From the data below, return the exact lines starting at the line containing "- This pattern" and ending at the line containing "Answer: Rapid, irregular oscillations", both included, and nothing else.
*** Opening of DATA FOR THIS TASK ***
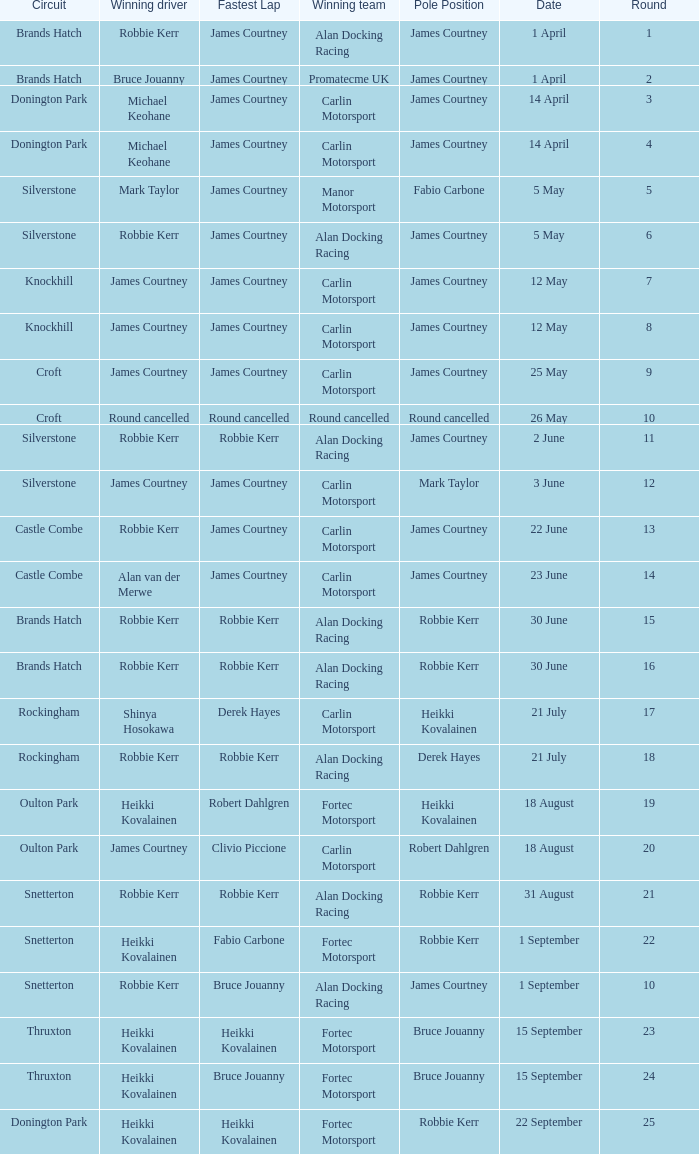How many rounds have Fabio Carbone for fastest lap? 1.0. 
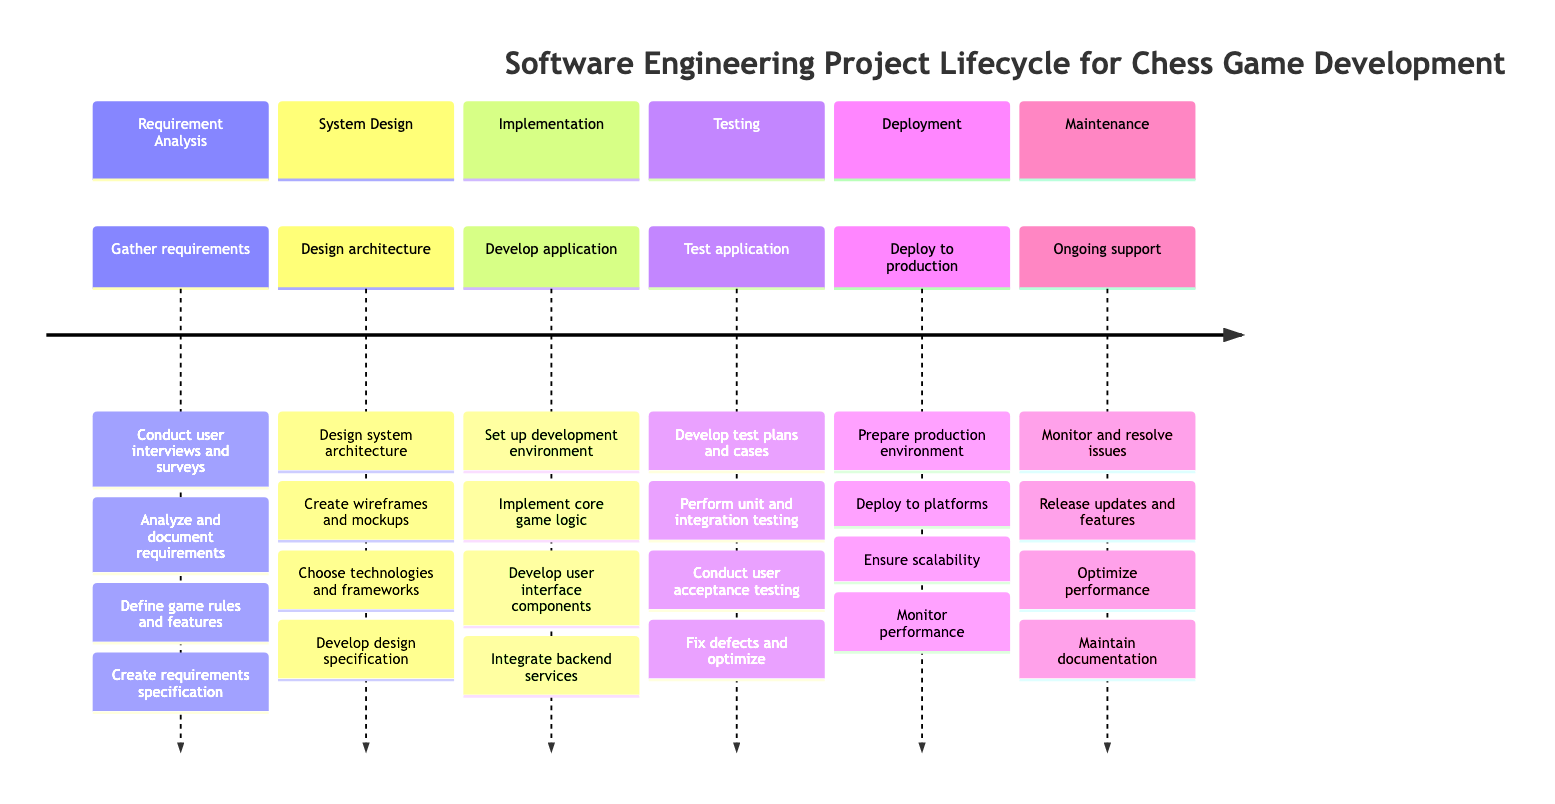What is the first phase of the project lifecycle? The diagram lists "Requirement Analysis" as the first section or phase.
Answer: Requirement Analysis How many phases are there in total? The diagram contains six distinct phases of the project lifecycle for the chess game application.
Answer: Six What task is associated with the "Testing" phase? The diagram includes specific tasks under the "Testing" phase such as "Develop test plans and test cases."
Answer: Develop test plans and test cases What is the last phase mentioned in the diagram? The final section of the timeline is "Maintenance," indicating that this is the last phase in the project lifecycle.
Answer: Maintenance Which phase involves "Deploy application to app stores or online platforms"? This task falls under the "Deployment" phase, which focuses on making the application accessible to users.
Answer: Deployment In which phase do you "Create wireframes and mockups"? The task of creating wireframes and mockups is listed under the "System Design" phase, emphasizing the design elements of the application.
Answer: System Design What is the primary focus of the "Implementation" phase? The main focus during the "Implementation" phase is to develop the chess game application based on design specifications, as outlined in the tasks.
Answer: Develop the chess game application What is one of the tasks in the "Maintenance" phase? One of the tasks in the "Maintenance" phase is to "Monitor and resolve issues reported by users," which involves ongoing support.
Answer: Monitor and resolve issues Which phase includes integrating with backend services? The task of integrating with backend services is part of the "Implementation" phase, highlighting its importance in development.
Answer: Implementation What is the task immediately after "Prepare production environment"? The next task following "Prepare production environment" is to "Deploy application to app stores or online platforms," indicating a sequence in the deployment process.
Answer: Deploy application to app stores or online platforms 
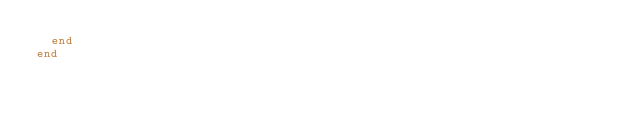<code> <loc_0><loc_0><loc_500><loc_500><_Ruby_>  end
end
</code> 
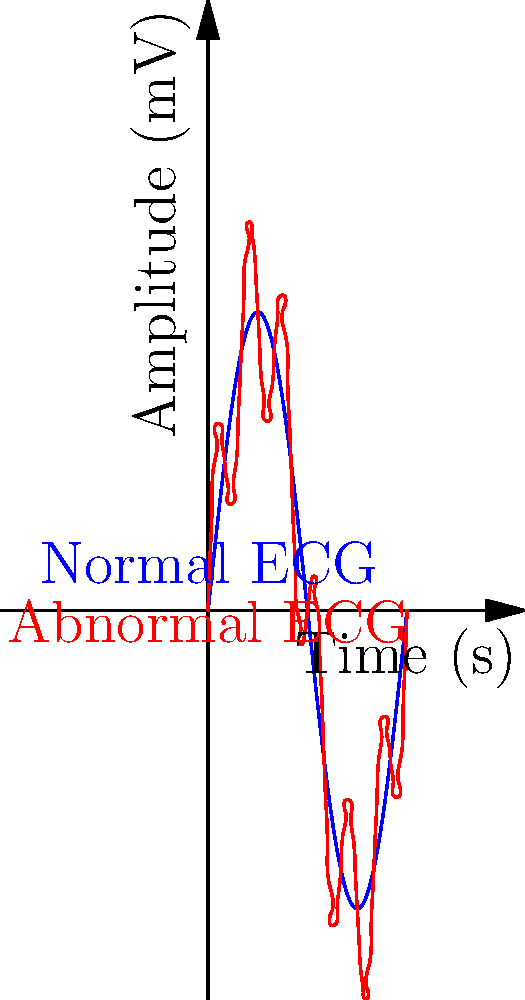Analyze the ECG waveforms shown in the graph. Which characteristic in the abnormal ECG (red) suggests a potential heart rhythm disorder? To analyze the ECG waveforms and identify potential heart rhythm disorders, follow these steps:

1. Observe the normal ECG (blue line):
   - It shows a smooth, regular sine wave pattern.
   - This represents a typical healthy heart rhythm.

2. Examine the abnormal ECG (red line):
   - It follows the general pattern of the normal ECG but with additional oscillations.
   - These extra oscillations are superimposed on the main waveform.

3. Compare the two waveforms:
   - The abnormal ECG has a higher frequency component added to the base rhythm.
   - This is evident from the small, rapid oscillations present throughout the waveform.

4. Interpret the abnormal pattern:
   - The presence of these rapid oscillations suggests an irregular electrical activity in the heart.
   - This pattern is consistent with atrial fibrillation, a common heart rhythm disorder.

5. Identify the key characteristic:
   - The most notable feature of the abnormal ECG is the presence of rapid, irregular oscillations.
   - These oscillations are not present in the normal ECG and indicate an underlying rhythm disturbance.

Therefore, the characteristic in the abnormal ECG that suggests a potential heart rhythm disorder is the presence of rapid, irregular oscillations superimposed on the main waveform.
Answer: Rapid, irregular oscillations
*** Close of DATA FOR THIS TASK ***
*** Opening of DATA FOR THIS TASK ***
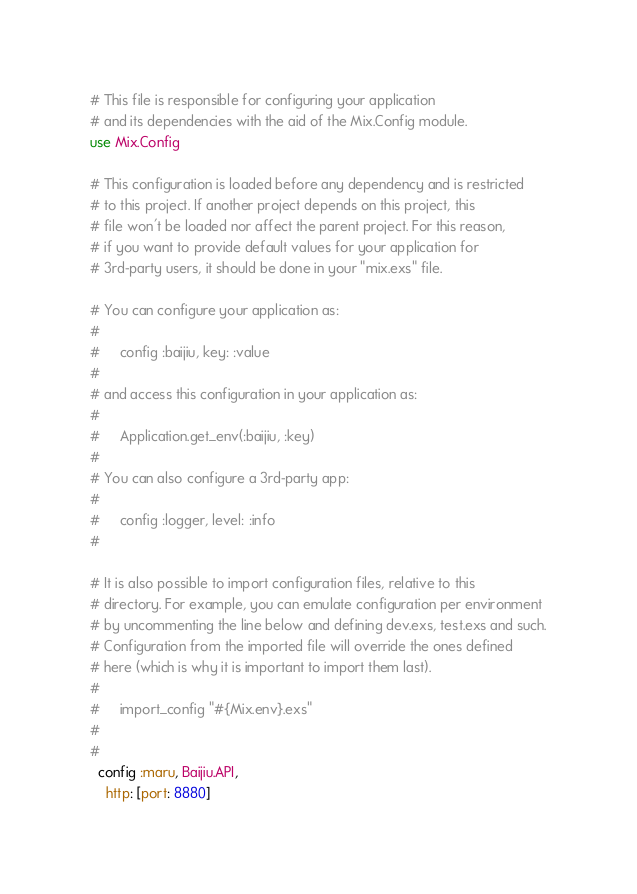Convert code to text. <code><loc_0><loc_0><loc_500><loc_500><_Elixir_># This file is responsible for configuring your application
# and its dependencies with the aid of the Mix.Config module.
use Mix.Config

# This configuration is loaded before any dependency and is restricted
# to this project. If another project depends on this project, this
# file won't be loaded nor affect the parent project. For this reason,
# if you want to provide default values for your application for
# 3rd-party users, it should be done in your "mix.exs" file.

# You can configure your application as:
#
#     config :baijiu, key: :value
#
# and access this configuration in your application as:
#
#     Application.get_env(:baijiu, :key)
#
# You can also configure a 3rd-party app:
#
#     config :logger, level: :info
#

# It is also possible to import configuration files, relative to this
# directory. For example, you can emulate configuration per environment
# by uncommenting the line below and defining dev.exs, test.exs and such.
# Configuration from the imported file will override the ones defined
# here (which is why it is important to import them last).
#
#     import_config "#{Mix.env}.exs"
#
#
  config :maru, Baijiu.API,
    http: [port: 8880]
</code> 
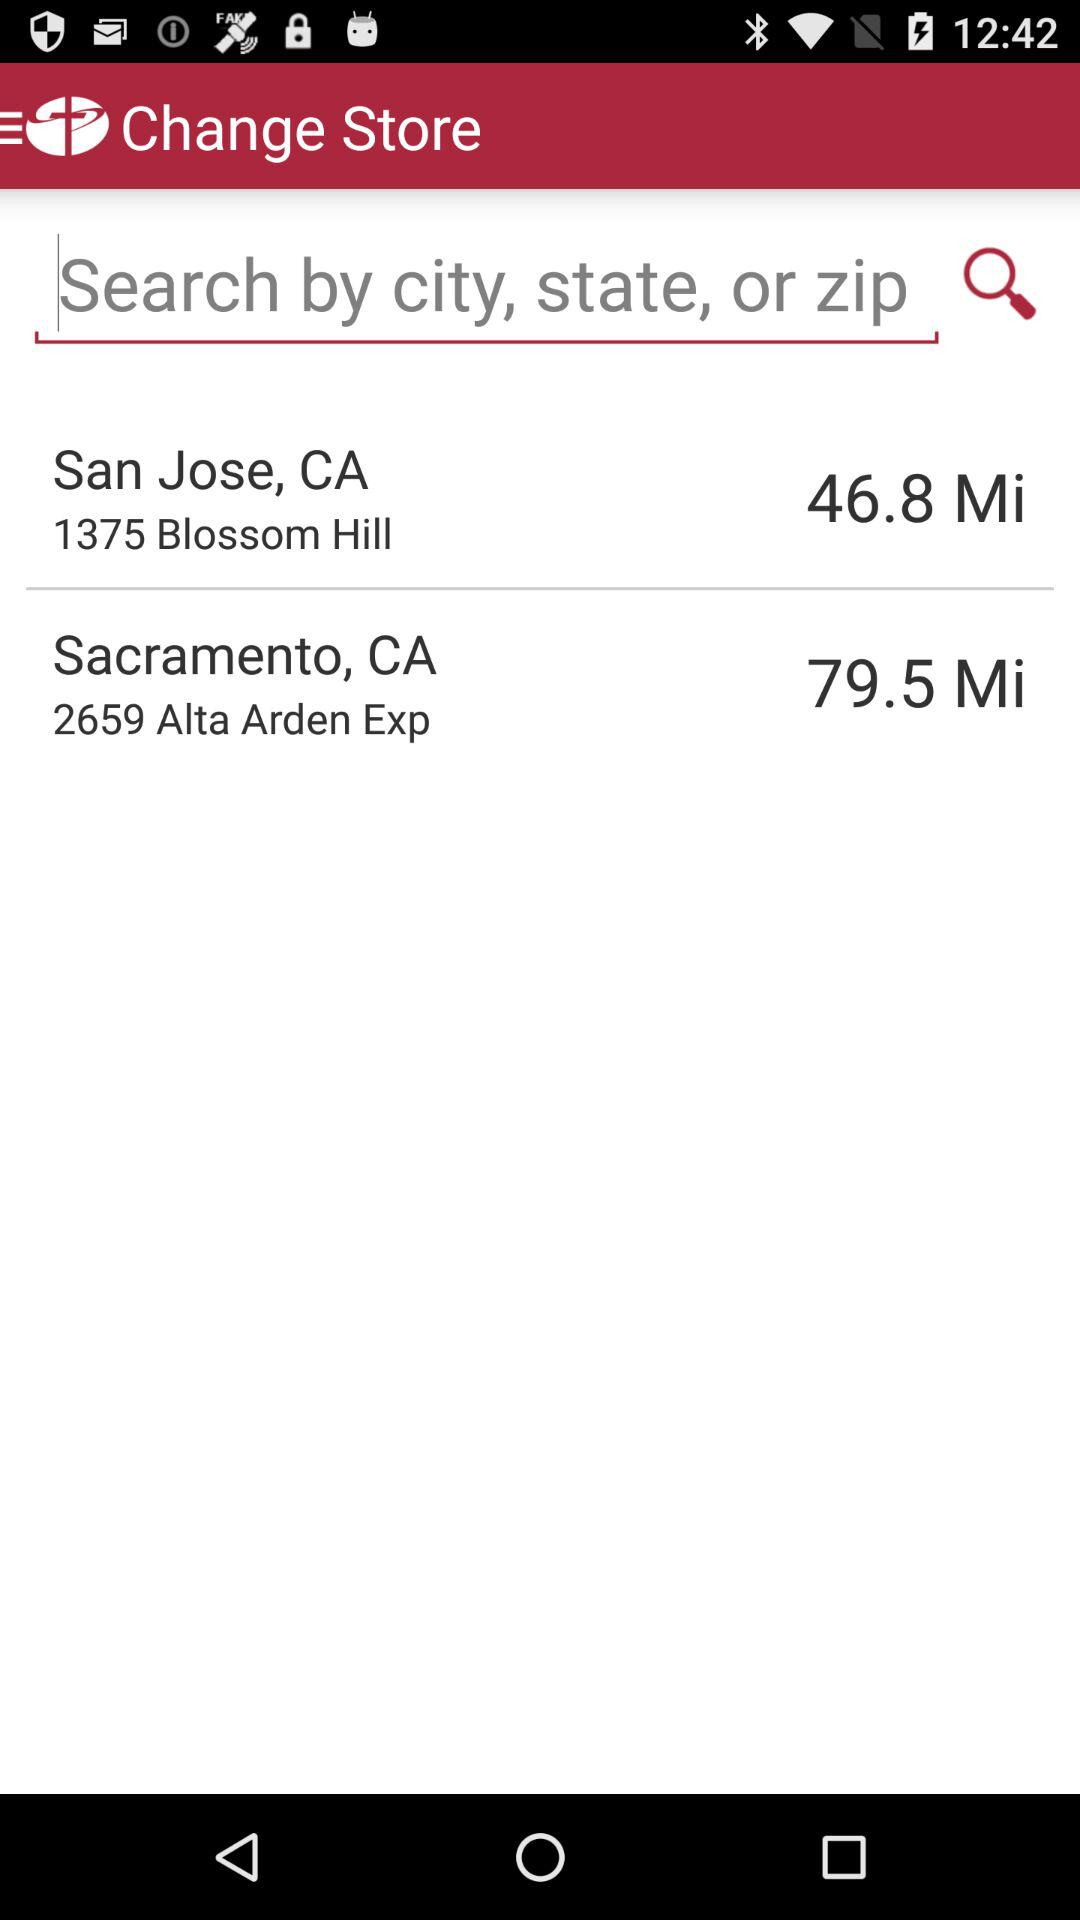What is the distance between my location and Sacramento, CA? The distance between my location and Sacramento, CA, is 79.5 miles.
*** Close of DATA FOR THIS TASK ***
[ANSWER SPACE]
   - This pattern is consistent with atrial fibrillation, a common heart rhythm disorder.

5. Identify the key characteristic:
   - The most notable feature of the abnormal ECG is the presence of rapid, irregular oscillations.
   - These oscillations are not present in the normal ECG and indicate an underlying rhythm disturbance.

Therefore, the characteristic in the abnormal ECG that suggests a potential heart rhythm disorder is the presence of rapid, irregular oscillations superimposed on the main waveform.
Answer: Rapid, irregular oscillations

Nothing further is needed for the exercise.